» **TASK INSTRUCTIONS**: Search the records below for the word "Omgevingsbesluit", then return every line where it appears.

» **Recorded data**:
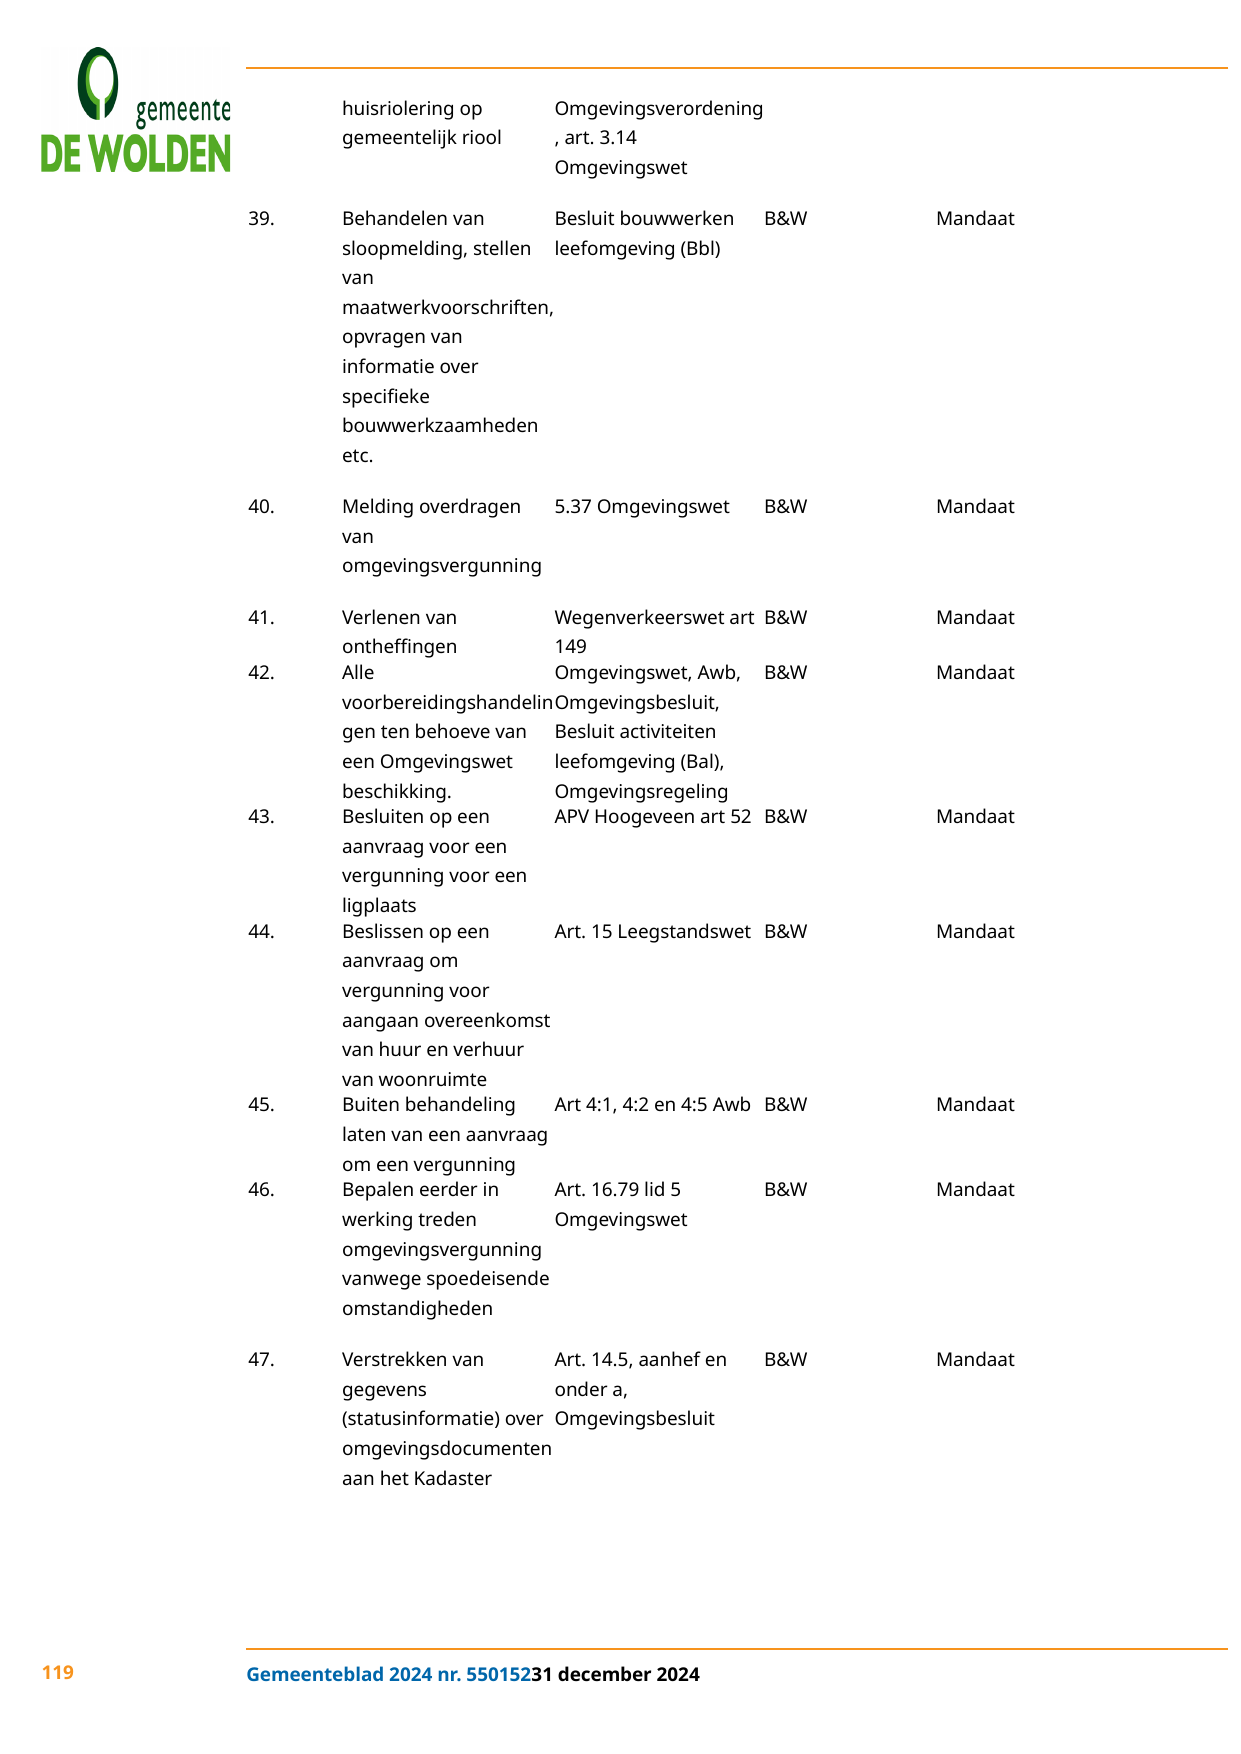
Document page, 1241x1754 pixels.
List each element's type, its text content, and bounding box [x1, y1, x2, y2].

table_cell 44. [248, 918, 342, 1092]
table_cell Besluiten op een aanvraag voor een vergunning voor een ligplaats [342, 804, 554, 918]
table_cell [554, 1490, 764, 1516]
table_cell [764, 95, 936, 180]
picture [41, 47, 231, 172]
table_cell B&W [764, 918, 936, 1092]
table_cell 46. [248, 1177, 342, 1321]
table_cell [936, 579, 1080, 604]
table_cell Buiten behandeling laten van een aanvraag om een vergunning [342, 1092, 554, 1177]
table_cell 40. [248, 494, 342, 578]
table_cell [248, 1490, 342, 1516]
table_cell [1080, 180, 1152, 205]
table_cell 45. [248, 1092, 342, 1177]
table_cell [1080, 918, 1152, 1092]
table_cell [1080, 1177, 1152, 1321]
table_cell 41. [248, 604, 342, 659]
table_cell Beslissen op een aanvraag om vergunning voor aangaan overeenkomst van huur en verhuur van woonruimte [342, 918, 554, 1092]
table_cell [248, 180, 342, 205]
table_cell B&W [764, 205, 936, 468]
table_cell B&W [764, 804, 936, 918]
table_cell Omgevingsverordening, art. 3.14 Omgevingswet [554, 95, 764, 180]
table_cell Mandaat [936, 205, 1080, 468]
table_cell [1080, 660, 1152, 803]
table_cell [1080, 1321, 1152, 1346]
table_cell [936, 1490, 1080, 1516]
table_cell Wegenverkeerswet art 149 [554, 604, 764, 659]
table_cell Verlenen van ontheffingen [342, 604, 554, 659]
table_cell [342, 579, 554, 604]
table_cell Mandaat [936, 1177, 1080, 1321]
table_cell [1080, 468, 1152, 493]
table_cell [1080, 95, 1152, 180]
table_cell Mandaat [936, 804, 1080, 918]
table_cell [936, 95, 1080, 180]
table_cell [1080, 604, 1152, 659]
table_cell [248, 579, 342, 604]
table_cell 39. [248, 205, 342, 468]
table_cell [764, 468, 936, 493]
table_cell [554, 180, 764, 205]
table_cell Art. 16.79 lid 5 Omgevingswet [554, 1177, 764, 1321]
table_cell 5.37 Omgevingswet [554, 494, 764, 578]
table_cell B&W [764, 1092, 936, 1177]
table_cell [342, 468, 554, 493]
table_cell Bepalen eerder in werking treden omgevingsvergunning vanwege spoedeisende omstandigheden [342, 1177, 554, 1321]
table_cell Art 4:1, 4:2 en 4:5 Awb [554, 1092, 764, 1177]
table_cell [936, 1321, 1080, 1346]
table_cell Mandaat [936, 918, 1080, 1092]
table_cell Mandaat [936, 494, 1080, 578]
table_cell [554, 1321, 764, 1346]
table_cell B&W [764, 1346, 936, 1490]
table_cell Mandaat [936, 604, 1080, 659]
table_cell Melding overdragen van omgevingsvergunning [342, 494, 554, 578]
table_cell [248, 468, 342, 493]
table_cell [1080, 579, 1152, 604]
table_cell 43. [248, 804, 342, 918]
table_cell [248, 1321, 342, 1346]
table_cell [1080, 1346, 1152, 1490]
table_cell [1080, 205, 1152, 468]
table_cell [554, 579, 764, 604]
table_cell [1080, 804, 1152, 918]
table_cell Mandaat [936, 660, 1080, 803]
table_cell APV Hoogeveen art 52 [554, 804, 764, 918]
table_cell [1080, 1490, 1152, 1516]
table_cell B&W [764, 494, 936, 578]
table_cell Besluit bouwwerken leefomgeving (Bbl) [554, 205, 764, 468]
table_cell B&W [764, 1177, 936, 1321]
table_cell [342, 180, 554, 205]
table_cell 42. [248, 660, 342, 803]
table_cell Mandaat [936, 1346, 1080, 1490]
table_cell Art. 15 Leegstandswet [554, 918, 764, 1092]
table_cell [342, 1321, 554, 1346]
table_cell [1080, 494, 1152, 578]
table_cell [764, 180, 936, 205]
table_cell [936, 468, 1080, 493]
table_cell [1080, 1092, 1152, 1177]
table_cell [554, 468, 764, 493]
table_cell Verstrekken van gegevens (statusinformatie) over omgevingsdocumenten aan het Kadaster [342, 1346, 554, 1490]
table_cell [764, 579, 936, 604]
table_cell 47. [248, 1346, 342, 1490]
table_cell [342, 1490, 554, 1516]
table_cell [764, 1321, 936, 1346]
table_cell Behandelen van sloopmelding, stellen van maatwerkvoorschriften, opvragen van informatie over specifieke bouwwerkzaamheden etc. [342, 205, 554, 468]
table_cell [764, 1490, 936, 1516]
table_cell [936, 180, 1080, 205]
table_cell Mandaat [936, 1092, 1080, 1177]
table_cell B&W [764, 660, 936, 803]
table_cell [248, 95, 342, 180]
table_cell B&W [764, 604, 936, 659]
table_cell Omgevingswet, Awb, Omgevingsbesluit, Besluit activiteiten leefomgeving (Bal), Omgevingsregeling [554, 660, 764, 803]
table_cell huisriolering op gemeentelijk riool [342, 95, 554, 180]
table_cell Art. 14.5, aanhef en onder a, Omgevingsbesluit [554, 1346, 764, 1490]
table_cell Alle voorbereidingshandelingen ten behoeve van een Omgevingswet beschikking. [342, 660, 554, 803]
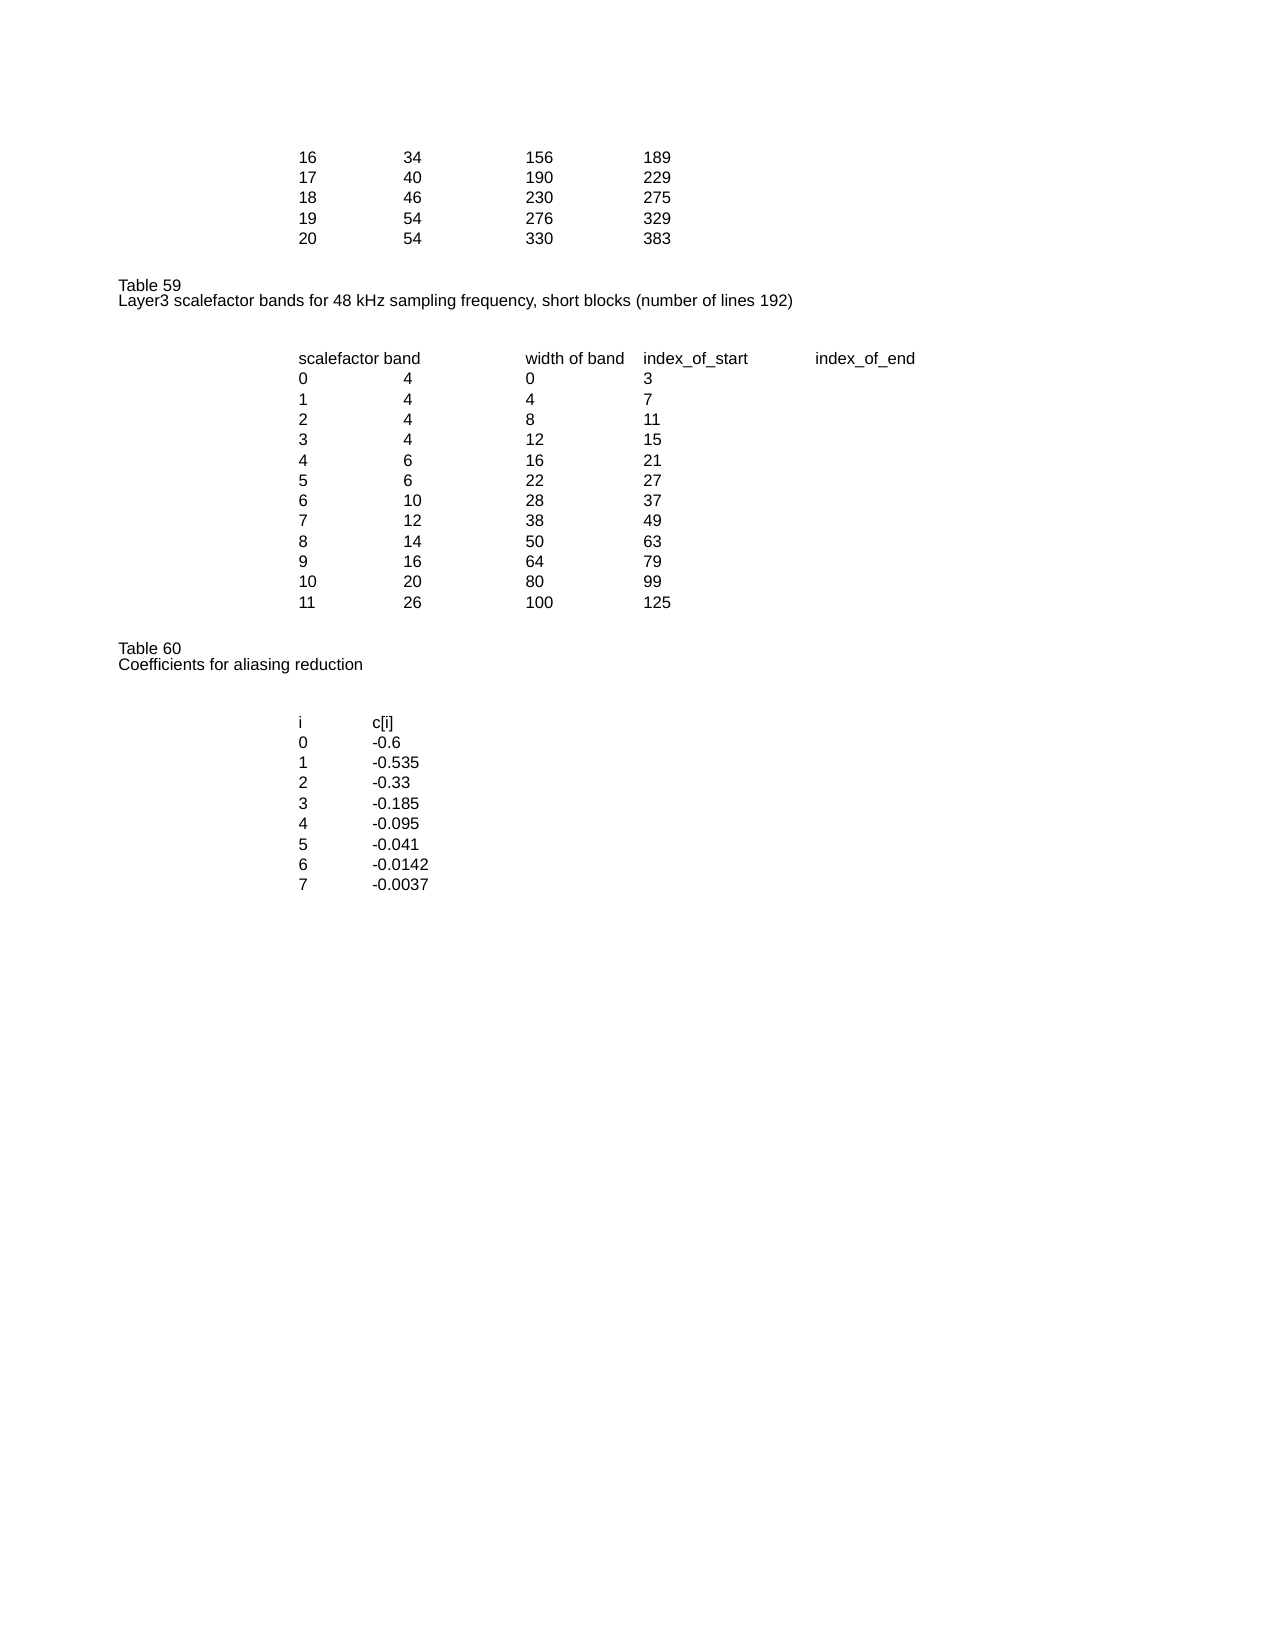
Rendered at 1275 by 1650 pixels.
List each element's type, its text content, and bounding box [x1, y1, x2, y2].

text i c[i] [298, 712, 1157, 732]
text Table 60 Coefficients for aliasing reduction [118, 639, 1157, 674]
text 4 -0.095 [298, 814, 1157, 833]
text 3 -0.185 [298, 794, 1157, 813]
text 18 46 230 275 [298, 188, 1157, 207]
text 9 16 64 79 [298, 552, 1157, 571]
text 1 4 4 7 [298, 389, 1157, 408]
text 5 -0.041 [298, 834, 1157, 853]
text 8 14 50 63 [298, 532, 1157, 551]
text 11 26 100 125 [298, 592, 1157, 612]
text 4 6 16 21 [298, 450, 1157, 469]
text 7 -0.0037 [298, 875, 1157, 894]
text 0 4 0 3 [298, 369, 1157, 388]
text 2 4 8 11 [298, 410, 1157, 429]
text 6 -0.0142 [298, 854, 1157, 874]
text 3 4 12 15 [298, 430, 1157, 449]
text scalefactor band width of band index_of_start index_of_end [298, 349, 1157, 368]
text 19 54 276 329 [298, 208, 1157, 228]
text 16 34 156 189 [298, 148, 1157, 167]
text 7 12 38 49 [298, 511, 1157, 530]
text 20 54 330 383 [298, 229, 1157, 248]
text 0 -0.6 [298, 733, 1157, 752]
text 10 20 80 99 [298, 572, 1157, 591]
text 6 10 28 37 [298, 491, 1157, 510]
text 17 40 190 229 [298, 168, 1157, 187]
text Table 59 Layer3 scalefactor bands for 48 kHz sampling frequency, short blocks (number of lines 192) [118, 276, 1157, 310]
text 1 -0.535 [298, 753, 1157, 772]
text 2 -0.33 [298, 773, 1157, 792]
text 5 6 22 27 [298, 471, 1157, 490]

» **EXERCISE SOLUTION**:
table_cell Omgevingswet, Awb, Omgevingsbesluit, Besluit activiteiten leefomgeving (Bal), Omgevingsregeling [554, 660, 764, 803]
table_cell Art. 14.5, aanhef en onder a, Omgevingsbesluit [554, 1346, 764, 1490]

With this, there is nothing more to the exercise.